In this embodiment, further considering that the genotype vector data has too high dimensionality, which generally can reach tens of thousands of dimensions, and some of the dimensionalities are sparse and useless, a process of performing dimensionality screening on the genotype vector data can be added in this embodiment to achieve the purpose of performing dimensionality reduction on the high-dimensional genotype vector data.

Optionally, in step S110, before performing homomorphic encryption on the model parameters of the pre-trained data inference model by using the public key, the following processing steps may be further added:

step S130, performing static quantization on the model parameters of the data inference model to obtain model parameters after the static quantization, and sending quantization factors used for the static quantization to an evaluator, wherein the quantization factors comprise scaling factors and zero points.

On this basis, the process of step S110 may specifically include:

and carrying out homomorphic encryption on the model parameters after the static quantization by adopting the public key.

In this embodiment, considering that the parameters stored in the data inference model are usually full-precision, and the encrypted ciphertext is increased in exponential order, which is likely to cause the problems of low efficiency and time consumption in the cryptographic inference calculation of the evaluator, the present application adds the processing procedure of performing static quantization on the model parameters before homomorphic encryption is performed on the model parameters of the data inference model by using the public key, so as to reduce the cost of the subsequent ciphertext calculation.

Optionally, before performing static quantization on the model parameters of the data inference model in step S130, the following processing steps may be added:

and S140, fusing the convolution layer and the BN layer in the data inference model, and removing the last sigmoid layer or softmax layer of the data inference model.

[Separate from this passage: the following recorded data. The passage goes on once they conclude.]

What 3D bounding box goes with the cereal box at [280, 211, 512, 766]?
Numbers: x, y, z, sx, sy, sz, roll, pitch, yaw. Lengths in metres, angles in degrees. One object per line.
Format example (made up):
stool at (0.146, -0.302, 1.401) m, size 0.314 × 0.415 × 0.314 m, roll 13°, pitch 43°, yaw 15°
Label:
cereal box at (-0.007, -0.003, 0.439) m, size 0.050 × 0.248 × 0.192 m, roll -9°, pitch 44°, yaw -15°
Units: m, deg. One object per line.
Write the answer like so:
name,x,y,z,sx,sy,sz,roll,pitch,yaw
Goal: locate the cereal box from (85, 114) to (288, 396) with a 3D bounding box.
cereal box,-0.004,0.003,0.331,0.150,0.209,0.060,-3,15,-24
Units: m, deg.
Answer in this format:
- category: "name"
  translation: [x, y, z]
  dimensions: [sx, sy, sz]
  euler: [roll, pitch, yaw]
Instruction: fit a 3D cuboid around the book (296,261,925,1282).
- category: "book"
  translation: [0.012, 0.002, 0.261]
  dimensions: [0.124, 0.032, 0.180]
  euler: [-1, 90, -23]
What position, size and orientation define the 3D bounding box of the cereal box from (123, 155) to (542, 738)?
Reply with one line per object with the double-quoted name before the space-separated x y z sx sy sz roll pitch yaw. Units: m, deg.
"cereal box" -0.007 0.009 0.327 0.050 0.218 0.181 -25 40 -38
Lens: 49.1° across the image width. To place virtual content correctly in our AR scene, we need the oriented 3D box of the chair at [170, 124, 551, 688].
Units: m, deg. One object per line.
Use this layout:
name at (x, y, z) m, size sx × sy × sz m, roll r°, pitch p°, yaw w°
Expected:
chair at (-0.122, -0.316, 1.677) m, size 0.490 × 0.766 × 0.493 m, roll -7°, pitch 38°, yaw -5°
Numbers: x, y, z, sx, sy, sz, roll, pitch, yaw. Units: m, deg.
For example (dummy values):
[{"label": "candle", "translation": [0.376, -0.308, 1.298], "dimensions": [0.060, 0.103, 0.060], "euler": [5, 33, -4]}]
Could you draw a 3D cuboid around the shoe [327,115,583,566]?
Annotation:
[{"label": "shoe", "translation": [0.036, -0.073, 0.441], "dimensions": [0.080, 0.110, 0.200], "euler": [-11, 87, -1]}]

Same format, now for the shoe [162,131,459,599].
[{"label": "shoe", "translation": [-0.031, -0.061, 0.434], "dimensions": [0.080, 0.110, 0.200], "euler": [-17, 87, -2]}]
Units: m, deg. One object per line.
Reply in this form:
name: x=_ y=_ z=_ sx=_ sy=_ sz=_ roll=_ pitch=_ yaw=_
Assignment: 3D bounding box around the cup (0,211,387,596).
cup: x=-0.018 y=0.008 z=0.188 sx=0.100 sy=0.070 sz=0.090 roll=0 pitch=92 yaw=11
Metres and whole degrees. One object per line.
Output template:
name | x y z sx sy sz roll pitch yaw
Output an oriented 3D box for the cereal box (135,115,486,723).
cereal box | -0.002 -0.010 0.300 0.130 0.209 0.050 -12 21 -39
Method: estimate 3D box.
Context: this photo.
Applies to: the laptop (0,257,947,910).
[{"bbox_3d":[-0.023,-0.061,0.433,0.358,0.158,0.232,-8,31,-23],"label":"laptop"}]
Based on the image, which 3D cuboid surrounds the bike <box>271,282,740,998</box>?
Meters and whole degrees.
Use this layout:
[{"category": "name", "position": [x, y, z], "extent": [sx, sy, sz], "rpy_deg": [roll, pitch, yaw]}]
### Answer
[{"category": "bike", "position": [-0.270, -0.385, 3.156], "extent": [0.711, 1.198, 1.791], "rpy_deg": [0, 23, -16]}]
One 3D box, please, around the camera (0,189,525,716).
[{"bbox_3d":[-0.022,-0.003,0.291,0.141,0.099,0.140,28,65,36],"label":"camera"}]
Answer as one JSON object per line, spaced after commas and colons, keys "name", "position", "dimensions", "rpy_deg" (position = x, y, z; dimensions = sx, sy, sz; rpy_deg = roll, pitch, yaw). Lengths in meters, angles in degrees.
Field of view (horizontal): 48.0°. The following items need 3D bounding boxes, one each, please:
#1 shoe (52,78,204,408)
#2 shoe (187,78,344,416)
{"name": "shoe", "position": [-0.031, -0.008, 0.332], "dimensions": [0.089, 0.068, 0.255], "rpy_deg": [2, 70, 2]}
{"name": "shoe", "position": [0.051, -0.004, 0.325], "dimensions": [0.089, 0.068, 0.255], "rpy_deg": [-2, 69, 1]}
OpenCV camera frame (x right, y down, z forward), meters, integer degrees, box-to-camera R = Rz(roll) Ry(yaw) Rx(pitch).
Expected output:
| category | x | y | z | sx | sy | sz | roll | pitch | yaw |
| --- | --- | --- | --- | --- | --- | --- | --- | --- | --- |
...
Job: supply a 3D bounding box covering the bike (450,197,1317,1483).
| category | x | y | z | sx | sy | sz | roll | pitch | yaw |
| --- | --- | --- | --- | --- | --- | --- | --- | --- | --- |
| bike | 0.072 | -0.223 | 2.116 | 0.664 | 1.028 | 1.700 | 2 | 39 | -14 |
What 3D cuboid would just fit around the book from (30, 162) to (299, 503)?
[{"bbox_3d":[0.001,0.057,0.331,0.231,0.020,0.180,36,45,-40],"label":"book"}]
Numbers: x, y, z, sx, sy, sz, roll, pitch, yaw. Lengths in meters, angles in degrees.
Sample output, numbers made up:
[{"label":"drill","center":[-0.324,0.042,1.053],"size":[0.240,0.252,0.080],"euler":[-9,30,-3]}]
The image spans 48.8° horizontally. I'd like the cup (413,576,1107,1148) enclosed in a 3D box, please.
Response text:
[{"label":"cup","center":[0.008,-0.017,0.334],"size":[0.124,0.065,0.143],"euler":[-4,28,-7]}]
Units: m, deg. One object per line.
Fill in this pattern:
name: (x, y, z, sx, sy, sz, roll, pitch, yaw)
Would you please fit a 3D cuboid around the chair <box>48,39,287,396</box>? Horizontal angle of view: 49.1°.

In this embodiment, in order to reduce the parameter size of the data inference model and reduce the calculation times of the ciphertext, before homomorphic encryption is performed on the model parameters of the data inference model, the convolution layer and the BN layer in the model are further fused, and the last sigmoid layer or softmax layer of the model is removed.

Optionally, in step S110 of the present application, the process of performing homomorphic encryption on the model parameters of the pre-trained data inference model by using the public key to obtain the encrypted model parameters may include:

s1, copying N parts of weight parameters of each network layer of the pre-trained data inference model to form a weight matrix.

And S2, packaging the weight matrix, and performing homomorphic encryption on the packaged data by adopting the public key to obtain an encryption model parameter.

In this embodiment, in order to improve throughput, the data side may perform packed encryption on N pieces of genotype vector data to be inferred at a time. In order to adapt to the encrypted data obtained by the data side and packing and encrypting the N pieces of genotype vector data to be inferred, the model side in this embodiment can copy N parts of the weight parameters of each network layer of the data inference model to form a weight matrix, and then pack and encrypt the weight matrix and send the weight matrix to the evaluator.

Of course, in some embodiments of the present application, two other data homomorphic encryption inference methods may also be provided from the perspective of the data party or the evaluator, where the method steps performed by the data party and the evaluator may refer to the related descriptions in the data homomorphic encryption inference system, and are not further described herein.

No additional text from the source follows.